Hashing data creates a shortened fingerprint for it (fixed-length result), and it's more efficient to sign the hash of a transaction (i.e. 32 bytes) than the full transaction data itself (e.g. 250+ bytes). The hash you sign is also unique for each piece of transaction data (collision resistance), so the resulting signature cannot be reused within a different transaction.
The reason hash functions were invented in the first place was to improve the efficiency of signing long messages.
Notes
    How do hash functions work?
  
  Excellent question, I'm glad you asked.
It's at this point I'd usually say that this is "outside the scope of this article" and then distract you with lots of technical terminology and hand waving.
So I made this video on how SHA-256 works instead.
As I say though, a hash function just scrambles and compresses the underlying bits (the 1s and 0s) of computer data. And that's all you really need to know.
    A common mistake when hashing
  
  A common mistake when hashing data in Bitcoin is to insert strings into the hash function, and not the underlying byte sequences those strings actually represent.
For example, let's say we have the hexadecimal string ab.
If we insert this directly into the hash function as a string, your programming language will actually send the ASCII encoding of each of these characters into the hash function, which looks like this in binary:
"ab" = 01100001 01100010
sha256(0110000101100010) = fb8e20fc2e4c3f248c60c39bd652f3c1347298bb977b8b4d5903b85055620603
Hash functions work on the underlying 1s and 0s of computer data, which is what I'm referring to here with the word "binary".

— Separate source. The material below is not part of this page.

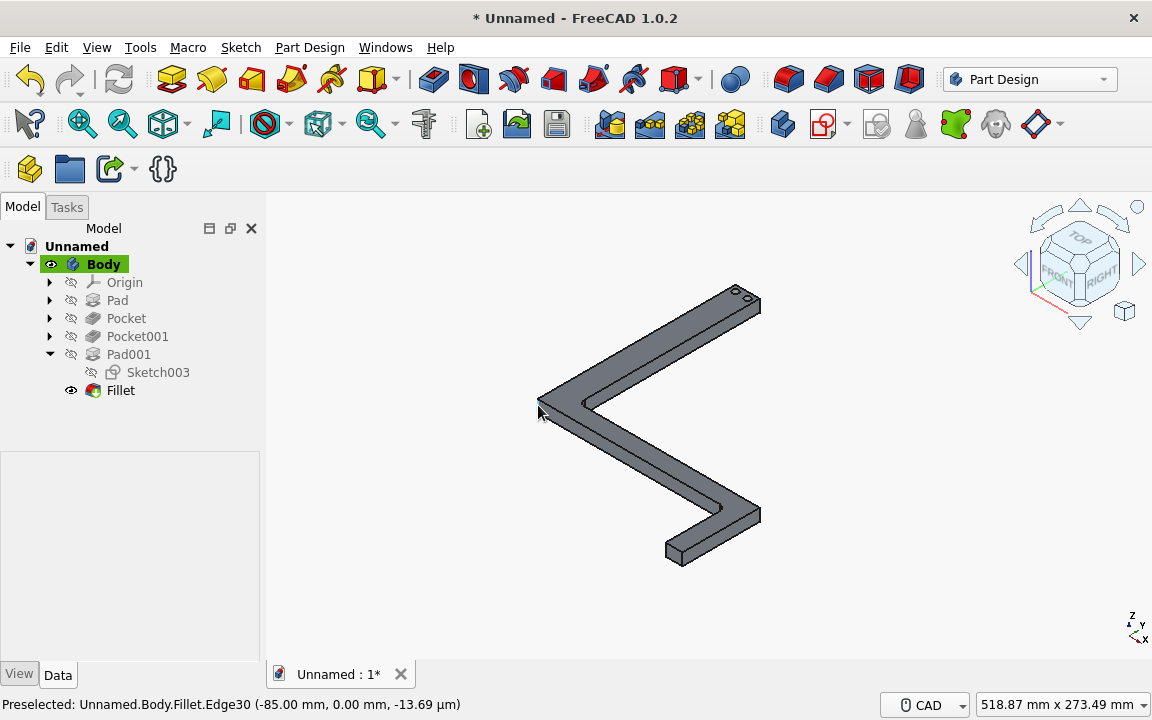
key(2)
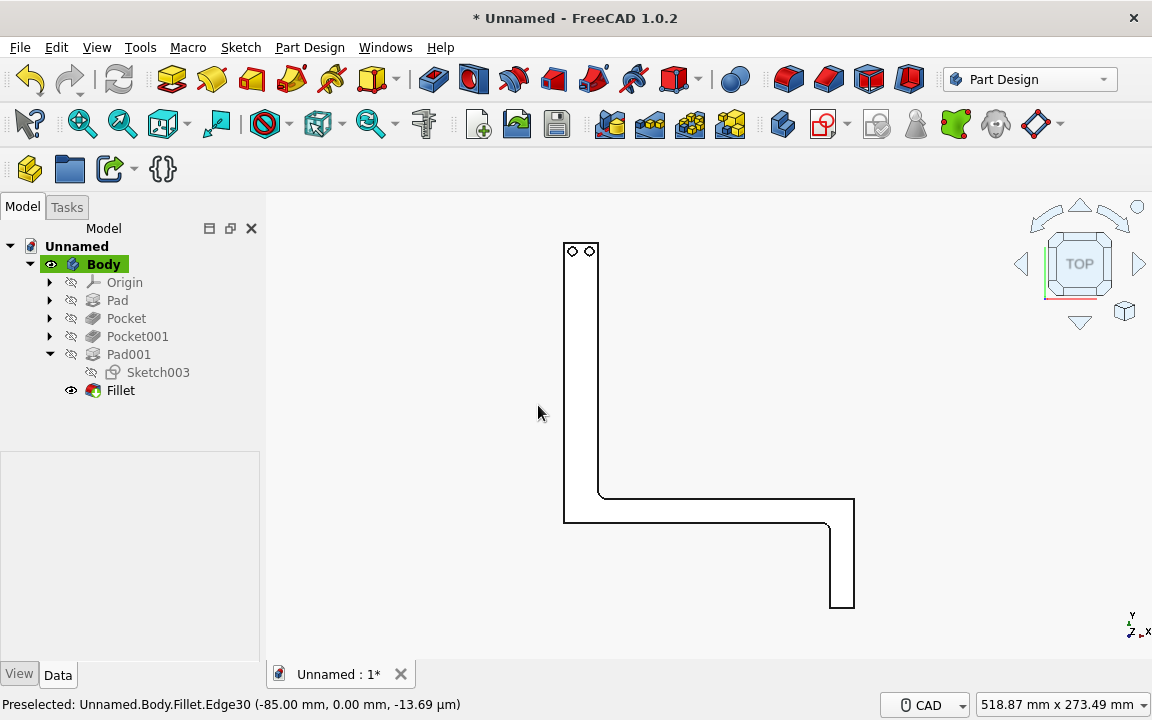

But what we actually want to send into the hash function is the byte this hexadecimal string represents, which looks like this in binary:
0xab = 10101011
sha256(10101011) = 087d80f7f182dd44f184aa86ca34488853ebcc04f0c60d5294919a466b463831
This is why we usually need to "pack" our hexadecimal strings in to bytes first before hashing. Most programming languages will have functions that allow you to do this. For example:

 copied
copied copied
copied$hex = "ab"
$binary = pack("H*", $hex);You will probably see a bunch of jargon text if you print out these converted binary values directly. This makes sense, because your programming language converts this binary data back to ASCII when printing it out, and this binary data probably refers to a weird characters (code points) in the ASCII table.
In short, remember that hash functions take in binary data as the input, so we need to be specific about the binary data we want to insert.
If you forget to convert your hexadecimal strings to their corresponding bytes beforehand, your programming language will assume you want to send the binary representation of the characters in the string, and this will produce a completely different hash result than expected.
This is by far the most common issue people have when hashing data in Bitcoin for the first time. So if you're not getting the right hash results, this is probably where you're going wrong.
And I should know, I've done do it myself.
All bitcoin data is just a bunch of bytes at the end of the day. We just use their hexadecimal string representation for convenience when sharing and displaying them on websites.
Summary
A hash function is the Swiss Army knife in the programmer's toolbox.
You'll be hashing things frequently when working with Bitcoin, so it's worth getting the hang of them in whatever programming language you're using.
Satoshi very much understood their properties, and utilized them for various purposes when developing Bitcoin. But their most ingenious decision was to leverage the unpredictability of hash functions to create a network-wide lottery, which is what underpins the revolutionary mechanism of mining and blockchain technology.
So it just goes to show that if you understand the fundamental properties of a tool, you can find new and interesting ways to use it.
Lastly, if you want a proper technical definition of a hash function:
Cryptographic hash functions map input strings of arbitrary (or very large) length to short fixed length output strings.
But I just think of them as fingerprinting machines for data.